The sun was just coming up over the canyon and already it was a hot day. Cicada bugs buzzing in the
paloverdes
like damn rattlesnakes. Me and Janie Marley were talking about our kids; she has a boy one size down from Tony and we trade clothes around. All of a sudden Janie grabs my elbow and says, “Look who's here.” It was Vonda getting out of the Lincoln. Not in high heels either. She had on a tennis outfit and plastic sunglasses and a baseball bat slung over her shoulder. She stopped a little ways from the line and was looking around, waiting for the Virgin Mary to come down, I guess, and save her. Nobody was collecting any bets.
“Come on, Vonda,” I said. I took her by the arm and stood her between me and Janie. “I'm glad you made it.” But she wasn't talking, just looking around a lot.
After a while I said, “We're not supposed to have bats up here. I know a guy that got his termination papers for carrying a crescent wrench in his back pocket. He had forgot it was even in there.” I looked at Vonda to see if she was paying attention. “It was Rusty Cochran,” I said, “you know him. He's up at your dad's every other day for a prescription. They had that baby with the hole in his heart.”
But Vonda held on to the bat like it was the last man in the world and she got him. “I'm only doing this for Tommy,” she says.
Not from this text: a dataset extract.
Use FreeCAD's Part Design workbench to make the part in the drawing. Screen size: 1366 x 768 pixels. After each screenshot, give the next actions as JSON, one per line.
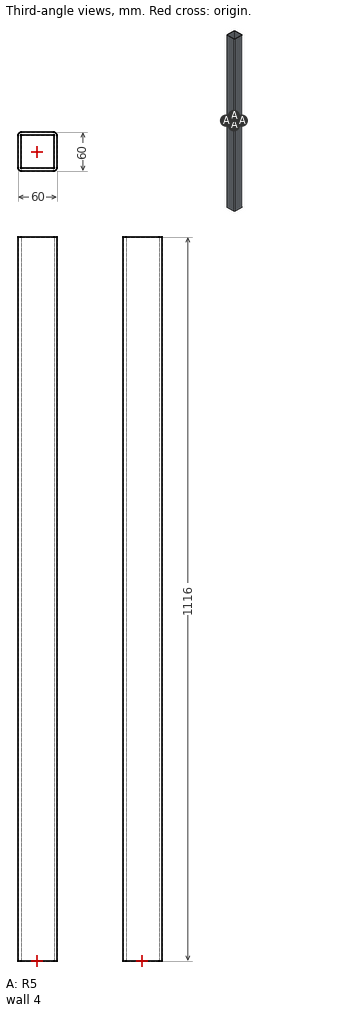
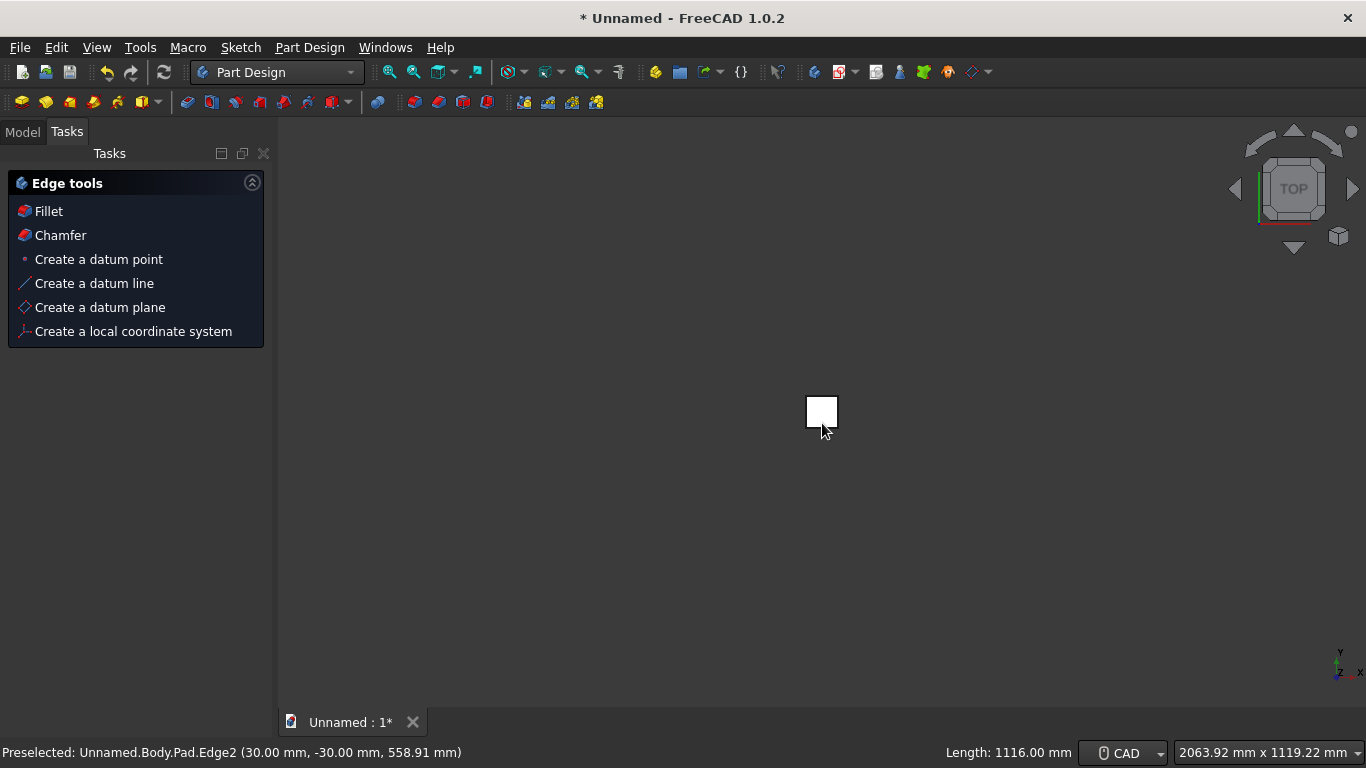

“Well, so what,” I said. “I'm doing it for my kids. So they can eat.”
She kept squinting her eyes down the highway.
A bunch of people started yelling. “Here come the ladies!” Some of the women from the Auxiliary were even saying it. And here come trouble. They were in Doreen's car, waving signs out the windows: “We Support Our Working Men” and other shit not worth repeating. Doreen was driving. She jerked right dead to a stop, right in front of us. She looked at Vonda and you would think she had broke both her hinges the way her mouth was hanging open, and Vonda looked back at Doreen, and the rest of us couldn't wait to see what was next.